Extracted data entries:
+---+

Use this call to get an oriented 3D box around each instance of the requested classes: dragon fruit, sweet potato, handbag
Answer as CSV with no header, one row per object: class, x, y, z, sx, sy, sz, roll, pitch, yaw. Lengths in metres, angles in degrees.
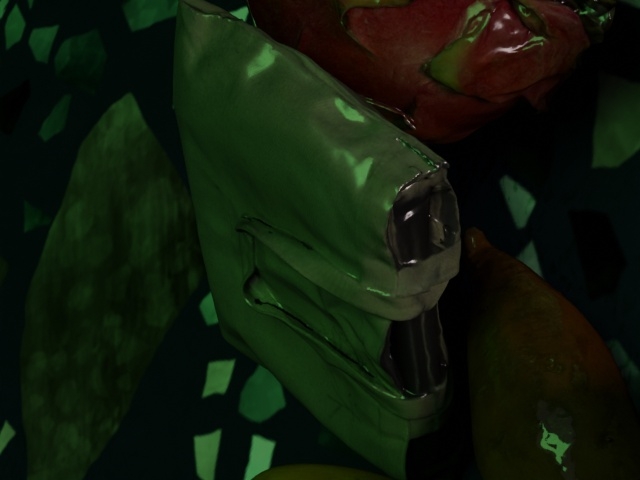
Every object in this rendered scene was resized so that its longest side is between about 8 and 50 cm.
dragon fruit,0.065,-0.192,1.340,0.250,0.250,0.315,-51,32,13
sweet potato,0.153,0.130,1.208,0.112,0.112,0.359,-37,53,24
handbag,0.003,0.005,1.294,0.109,0.315,0.253,-29,45,-25

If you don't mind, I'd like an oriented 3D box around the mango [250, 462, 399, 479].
mango,0.043,0.227,1.257,0.253,0.113,0.138,12,102,38
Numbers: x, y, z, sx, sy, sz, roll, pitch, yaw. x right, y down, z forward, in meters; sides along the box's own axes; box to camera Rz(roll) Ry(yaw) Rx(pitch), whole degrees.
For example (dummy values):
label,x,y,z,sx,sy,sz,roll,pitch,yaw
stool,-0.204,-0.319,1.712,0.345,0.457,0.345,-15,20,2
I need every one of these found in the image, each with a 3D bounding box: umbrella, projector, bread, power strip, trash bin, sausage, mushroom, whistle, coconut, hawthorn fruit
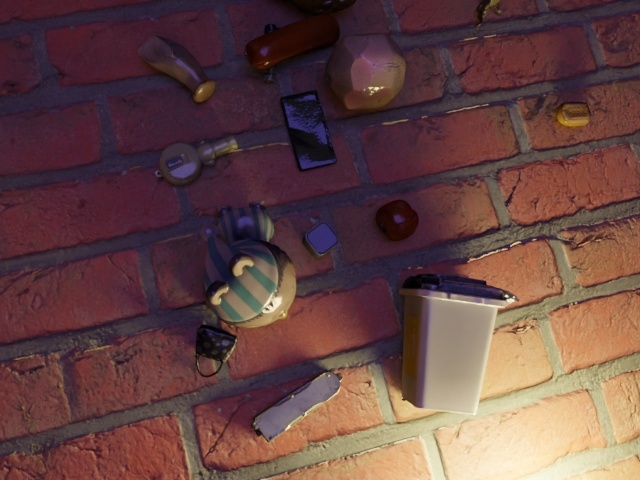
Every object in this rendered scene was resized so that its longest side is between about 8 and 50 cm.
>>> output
label,x,y,z,sx,sy,sz,roll,pitch,yaw
umbrella,-0.160,-0.585,1.776,0.046,0.050,0.189,0,81,20
projector,0.000,0.000,1.673,0.083,0.082,0.083,-38,87,-12
bread,0.836,-0.418,1.891,0.115,0.056,0.082,-9,85,-15
power strip,-0.060,0.456,1.596,0.285,0.048,0.080,-32,88,-13
trash bin,0.370,0.287,1.603,0.295,0.256,0.368,8,84,-9
sausage,-0.077,-0.613,1.739,0.348,0.094,0.097,-30,89,-29
mushroom,-0.422,-0.523,1.704,0.247,0.096,0.108,39,51,-3
whistle,-0.365,-0.244,1.674,0.258,0.067,0.126,-25,85,-15
coconut,0.126,-0.511,1.718,0.230,0.227,0.227,-9,81,-16
hawthorn fruit,0.230,-0.062,1.706,0.128,0.128,0.128,2,79,-8

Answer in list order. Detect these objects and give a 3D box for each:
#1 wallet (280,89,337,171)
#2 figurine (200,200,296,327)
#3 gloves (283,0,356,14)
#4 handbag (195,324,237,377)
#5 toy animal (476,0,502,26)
label,x,y,z,sx,sy,sz,roll,pitch,yaw
wallet,-0.039,-0.340,1.760,0.124,0.025,0.244,-14,83,-11
figurine,-0.186,0.044,1.489,0.266,0.378,0.362,-9,82,-10
gloves,-0.049,-0.793,1.781,0.331,0.154,0.141,18,62,1
handbag,-0.303,0.312,1.584,0.115,0.072,0.139,20,90,-6
toy animal,0.581,-0.798,1.922,0.086,0.069,0.220,24,71,18

+---+

Leave out the pictures, and write out all the remaining data above exactly.

Use this call to get an oriented 3D box around each instance of the requested classes: dragon fruit, sweet potato, handbag
Answer as CSV with no header, one row per object: class, x, y, z, sx, sy, sz, roll, pitch, yaw. Lengths in metres, angles in degrees.
Every object in this rendered scene was resized so that its longest side is between about 8 and 50 cm.
dragon fruit,0.065,-0.192,1.340,0.250,0.250,0.315,-51,32,13
sweet potato,0.153,0.130,1.208,0.112,0.112,0.359,-37,53,24
handbag,0.003,0.005,1.294,0.109,0.315,0.253,-29,45,-25

If you don't mind, I'd like an oriented 3D box around the mango [250, 462, 399, 479].
mango,0.043,0.227,1.257,0.253,0.113,0.138,12,102,38
Numbers: x, y, z, sx, sy, sz, roll, pitch, yaw. x right, y down, z forward, in meters; sides along the box's own axes; box to camera Rz(roll) Ry(yaw) Rx(pitch), whole degrees.
For example (dummy values):
label,x,y,z,sx,sy,sz,roll,pitch,yaw
stool,-0.204,-0.319,1.712,0.345,0.457,0.345,-15,20,2
I need every one of these found in the image, each with a 3D bounding box: umbrella, projector, bread, power strip, trash bin, sausage, mushroom, whistle, coconut, hawthorn fruit
Every object in this rendered scene was resized so that its longest side is between about 8 and 50 cm.
>>> output
label,x,y,z,sx,sy,sz,roll,pitch,yaw
umbrella,-0.160,-0.585,1.776,0.046,0.050,0.189,0,81,20
projector,0.000,0.000,1.673,0.083,0.082,0.083,-38,87,-12
bread,0.836,-0.418,1.891,0.115,0.056,0.082,-9,85,-15
power strip,-0.060,0.456,1.596,0.285,0.048,0.080,-32,88,-13
trash bin,0.370,0.287,1.603,0.295,0.256,0.368,8,84,-9
sausage,-0.077,-0.613,1.739,0.348,0.094,0.097,-30,89,-29
mushroom,-0.422,-0.523,1.704,0.247,0.096,0.108,39,51,-3
whistle,-0.365,-0.244,1.674,0.258,0.067,0.126,-25,85,-15
coconut,0.126,-0.511,1.718,0.230,0.227,0.227,-9,81,-16
hawthorn fruit,0.230,-0.062,1.706,0.128,0.128,0.128,2,79,-8

Answer in list order. Detect these objects and give a 3D box for each:
#1 wallet (280,89,337,171)
#2 figurine (200,200,296,327)
#3 gloves (283,0,356,14)
#4 handbag (195,324,237,377)
#5 toy animal (476,0,502,26)
label,x,y,z,sx,sy,sz,roll,pitch,yaw
wallet,-0.039,-0.340,1.760,0.124,0.025,0.244,-14,83,-11
figurine,-0.186,0.044,1.489,0.266,0.378,0.362,-9,82,-10
gloves,-0.049,-0.793,1.781,0.331,0.154,0.141,18,62,1
handbag,-0.303,0.312,1.584,0.115,0.072,0.139,20,90,-6
toy animal,0.581,-0.798,1.922,0.086,0.069,0.220,24,71,18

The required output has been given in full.